Cerebellar cortical degeneration
Four dogs and two cats were included in the study. In agreement with the previous literature (14, 15, 66), all patients showed atrophy of the cerebellum which can be attributed to the premature loss and degeneration of Purkinje cells identified in histopathology (14). Interestingly, the severity of cerebellar atrophy was more conspicuous in dogs in comparison to cats. This condition is extremely rare in cats and there is no description of the MRI findings in the few case reports that are available in the literature (68–70). The neurological signs in cats typically have a late onset and progress slowly over at least 2 years when compared to dogs (68, 70). In our study, the feline patients were considerably younger than the dogs, with a median age of 6 months compared to 5 years old. It is therefore possible that the clinical presentation at an earlier stage and the naturally slower progression of the disease in cats may explain the different imaging findings between species in this study. No gross differences were seen regarding severity of neurological signs or changes in histopathology between dogs and cats. However, detailed comparison of these features was beyond the scope of the study, and future studies with clinical and histopathological correlation are required.
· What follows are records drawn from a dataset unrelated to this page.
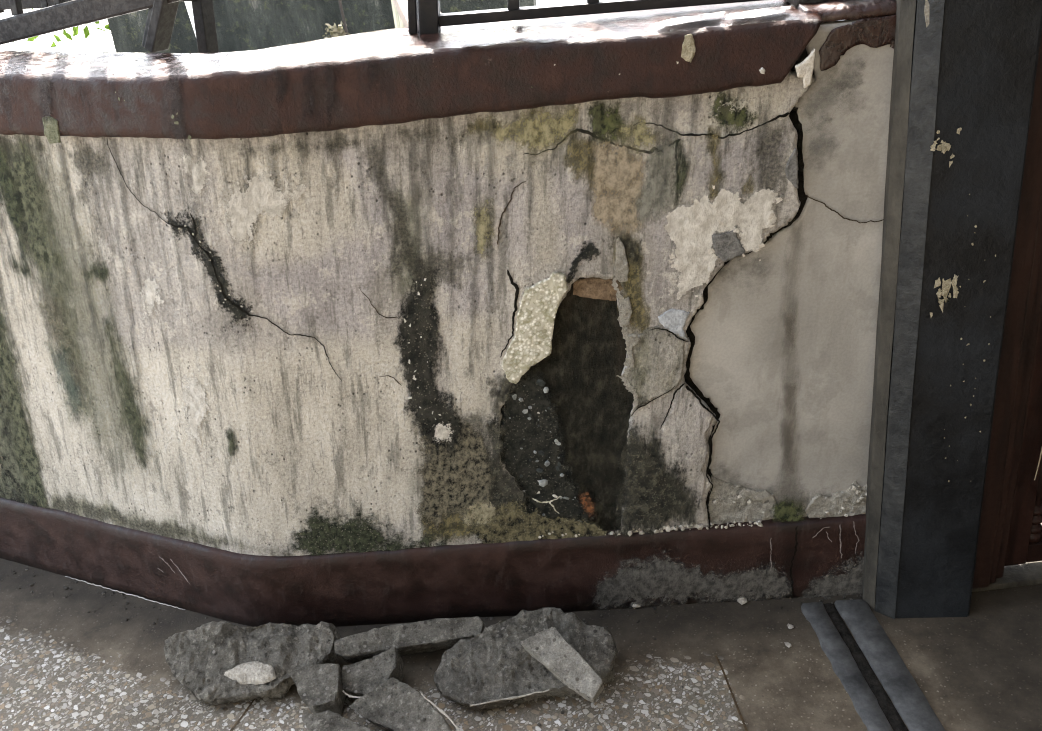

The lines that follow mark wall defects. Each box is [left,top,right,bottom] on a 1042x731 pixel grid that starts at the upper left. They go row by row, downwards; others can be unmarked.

peeling [681,34,695,63]
water stain [12,257,30,276]
water stain [83,258,110,283]
crack [107,139,342,381]
crack [500,270,519,357]
crack [497,181,526,245]
water stain [590,134,678,263]
crack [523,108,884,530]
peeling [664,185,783,300]
peeling [930,274,959,317]
water stain [393,259,505,531]
flaking render [465,237,778,545]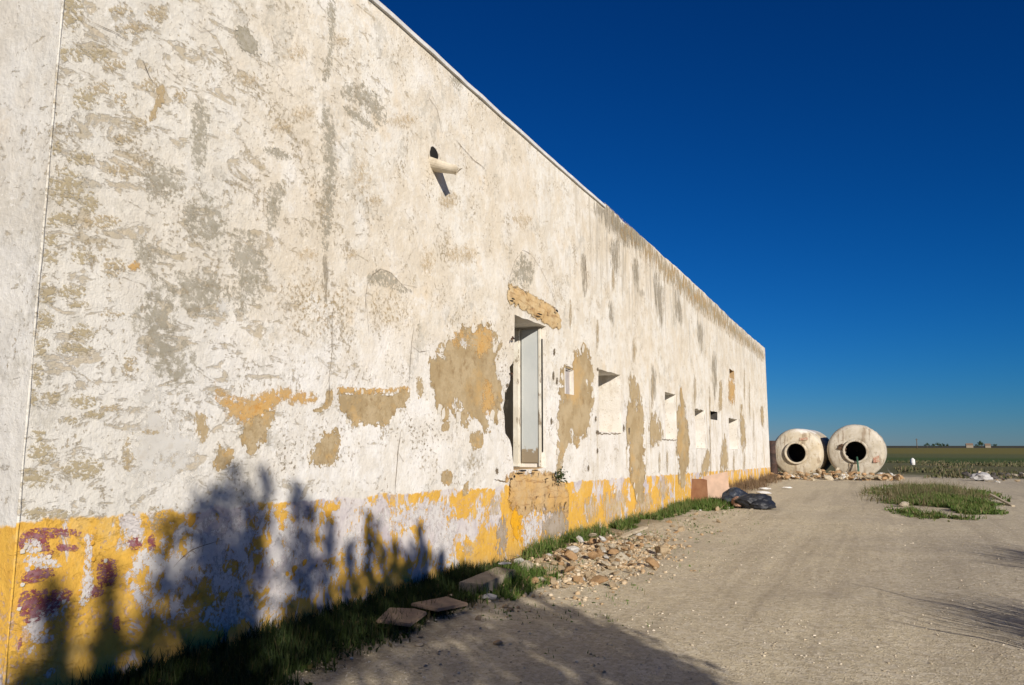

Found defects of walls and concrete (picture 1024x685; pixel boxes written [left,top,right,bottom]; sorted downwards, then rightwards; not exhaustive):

flaking render [507,283,562,329]
flaking render [193,317,509,479]
flaking render [490,342,599,554]
flaking render [584,373,728,523]
peeling [23,506,69,522]
peeling [20,538,62,587]
peeling [62,534,108,606]

Evaluation of the brain volume and regions of the brain affected were the most useful factors in developing an MRI pattern recognition system. Metabolic diseases characterised by an increased brain volume included intoxications (with the exception of metronidazole intoxication), L-2-hydroxyglutaric aciduria and hypertensive encephalopathy in cats. Conditions showing a decreased forebrain volume were neuronal ceroid lipofuscinosis (severe brain atrophy), hepatic encephalopathy and Lafora disease (ranging from moderate to mild atrophy). However, it is important to highlight that hepatic encephalopathy and Lafora disease could also present with normal brain volumes. Finally, the only category of disease showing an isolated decrease in cerebellar volume, with normal forebrain volume, was cerebellar cortical degeneration. Regarding the regions of the brain affected, thiamine deficiency and metronidazole intoxication affected exclusively the grey matter structures. Diseases affecting only the white matter included bromethalin intoxication and lysosomal storage diseases (neuronal ceroid lipofuscinosis, gangliosidosis and fucosidosis). The remaining conditions affected both the grey and white matter, however, this was noted on a different extend and a classification was established according to the predominant anatomic distribution. L-2-hydroxyglutaric aciduria and canine spongiform leukoencephalopathy affected predominantly the grey matter, hypertensive encephalopathy and intoxications (Cycad revoluta and ethylene glycol intoxications) had a predominant involvement of the white matter, and hepatic encephalopathy and osmotic demyelination syndrome showed equal involvement of the grey and white matter.
The main limitations of this study are related to its retrospective nature and, despite involvement of 17 different referral institutions, the small case numbers for some of the metabolic encephalopathies in which specific imaging findings may not be completely representative for the overall population. However, this reflects the uncommon occurrence and/or identification of these conditions on the daily basis. In addition, histopathology was not available for all the cases, which would have been helpful to corroborate the imaging findings and especially the novel anatomical locations encountered in some conditions that were not previously described (e.g., cerebellar nuclei with hepatic encephalopathy, the superior longitudinal fasciculus with myelinolysis, etc.). Equally, determination of the genetic variants was not available for all the neurodegenerative cases, which could have been proved useful in the future for new emerging breeds in which a genetic test is not available. Finally, it is important to realise that these MRI guidelines may have exceptions, as the MRI features characteristic for a specific disorder may not be invariably present in all patients or in all stages of the disease.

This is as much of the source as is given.